Der einzige Zweck des Editorials besteht zweifellos darin, die Notwendigkeit dessen zu verdeutlichen, was in den Denkfabriken, die die politischen Optionen der herrschenden Klasse der USA untersuchen, euphemistisch als „Reform der Sozialleistungen“ bezeichnet wird. Im Klartext bedeutet dies die Streichung der beiden wichtigsten Programme, auf die Millionen von älteren Menschen und Rentnern für ihr Einkommen und ihre Krankenversicherung angewiesen sind.
Besonders zynisch ist der Verweis auf die Sozialversicherung und Medicare als „Haupttreiber für das künftige Wachstum der Bundesausgaben“. Er läuft auf das unterschwellige Eingeständnis hinaus, dass diese Programme nicht die Ursache für den massiven Anstieg der Bundesverschuldung in den letzten 25 Jahren gewesen sind. Dessen ungeachtet behauptet er, dass die Ausgaben angeblich zukünftig diese Rolle spielen werden. Das Editorial erwähnt jedoch weder die zahlreichen Rettungsaktionen für die Wall Street und das Bankensystem noch die massiven Ausgaben für die Kriege der letzten drei Jahrzehnte. In seiner Warnung vor einem künftigen Wachstum des Defizits geht er nicht auf die Zusage von Präsident Biden ein, den Krieg der USA und der Nato gegen Russland in der Ukraine „so lange wie nötig“ zu finanzieren.
Das Editorial widerspricht damit einer aufschlussreichen Analyse, die erst vor sechs Monaten in der Times selbst veröffentlicht wurde. Damals schöpfte die Bundesregierung erstmals ihre Kreditaufnahmebefugnis aus, was zu einer künstlich fabrizierten Krise über die Schuldenobergrenze führte. Die Studie wurde am 22. Januar unter der Überschrift „How the US Government Amassed $31 Trillion in Debt“ (Wie die US-Regierung 31 Billionen Dollar Schulden angehäuft hat) veröffentlicht und enthielt eine sachliche Darstellung der tatsächlichen Quellen der angehäuften Defizite.
Die US-Bundesverschuldung stieg von rund 5 Billionen Dollar bei Amtsantritt von George W. Bush im Januar 2001 auf 31,4 Billionen Dollar im Januar 2023 (also rund 22 Jahre später), was einem durchschnittlichen Anstieg von 1,2 Billionen Dollar pro Jahr entspricht. Die Faktoren, die zum Anstieg der Schulden beitragen, lassen sich kurz zusammenfassen:
Die Kriege im Irak, in Syrien und Afghanistan und andere Operationen im Zusammenhang mit dem „Krieg gegen den Terror“ haben 6 Billionen Dollar gekostet. Darin nicht enthalten sind die Kosten für den Krieg gegen Russland in der Ukraine, die militärische Aufrüstung gegen China im asiatisch-pazifischen Raum oder die laufenden Kosten für die Aufrechterhaltung des riesigen US-Militärapparats weltweit, die sich inzwischen auf 1 Billion Dollar pro Jahr belaufen.

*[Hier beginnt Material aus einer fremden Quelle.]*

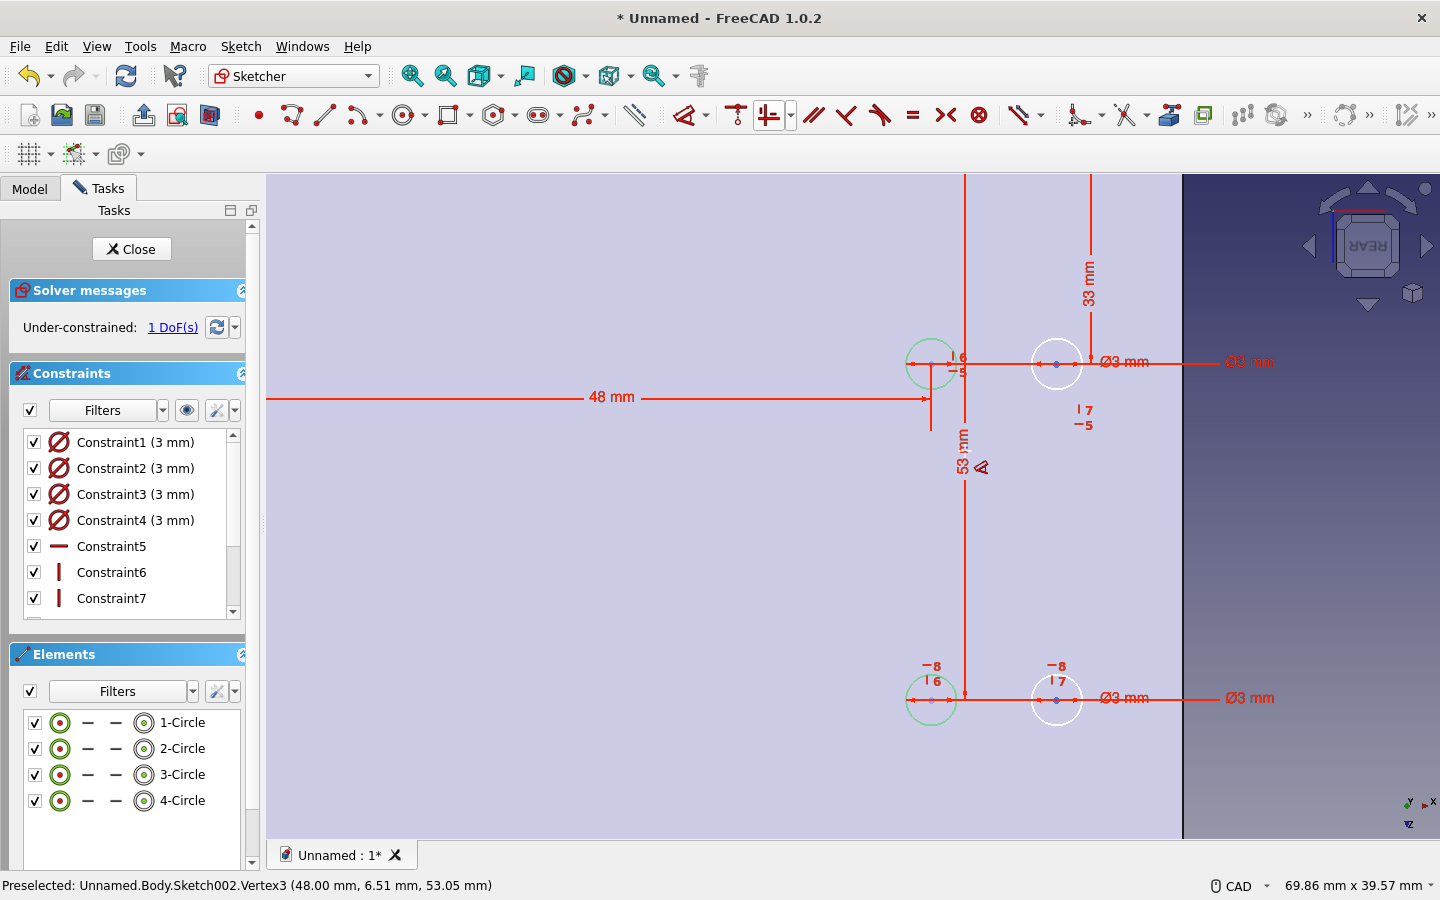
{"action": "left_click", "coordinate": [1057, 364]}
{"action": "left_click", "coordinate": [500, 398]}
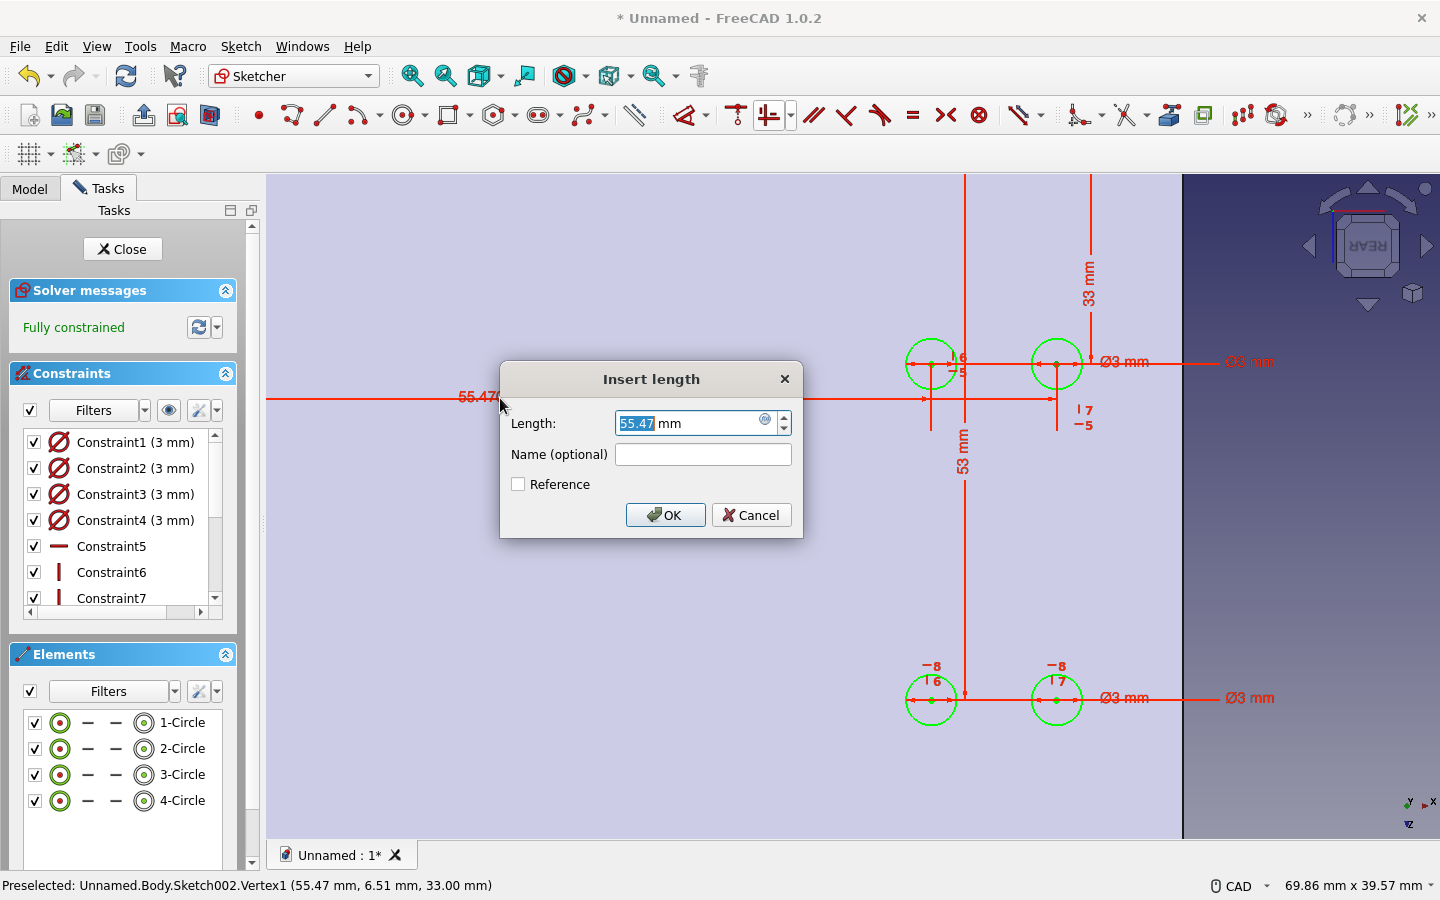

Die Steuersenkungen, vor allem für die Reichen, haben weit über 7 Billionen Dollar gekostet. Eine Studie ergab, dass die 2001 und 2003 verabschiedeten Steuersenkungen der Bush-Regierung von 2001 bis 2018 zu Mindereinnahmen von 5,6 Billionen Dollar führten. Sie werden fortgeschrieben aufgrund einer Vereinbarung aus dem Jahr 2012 zwischen der Obama-Regierung und den Republikanern im Repräsentantenhaus. Sie behält den größten Teil des ursprünglichen Pakets bei, sodass es zu zusätzlichen Einnahmeverlusten gekommen ist. Die Steuersenkungen der Trump-Regierung, die Ende 2017 in Kraft traten, haben weitere 1,2 Billionen Dollar gekostet und gelten auch unter der Biden-Regierung weiter.
Die Rettungspakete für die Wall Street und das gesamte Finanzsystem haben 5,7 Billionen Dollar gekostet: 800 Milliarden Dollar im Zuge des Crashs von 2008, die von einem demokratischen Kongress unter der Obama-Regierung bereitgestellt wurden; 3 Billionen Dollar im Jahr 2020 durch den CARES Act, der auf parteiübergreifender Basis verabschiedet und von Trump unterzeichnet wurde; und 1,9 Billionen Dollar durch Bidens American Recovery Act, die zweite Runde der Rettungsaktionen im Zusammenhang mit der Covid-19-Pandemie.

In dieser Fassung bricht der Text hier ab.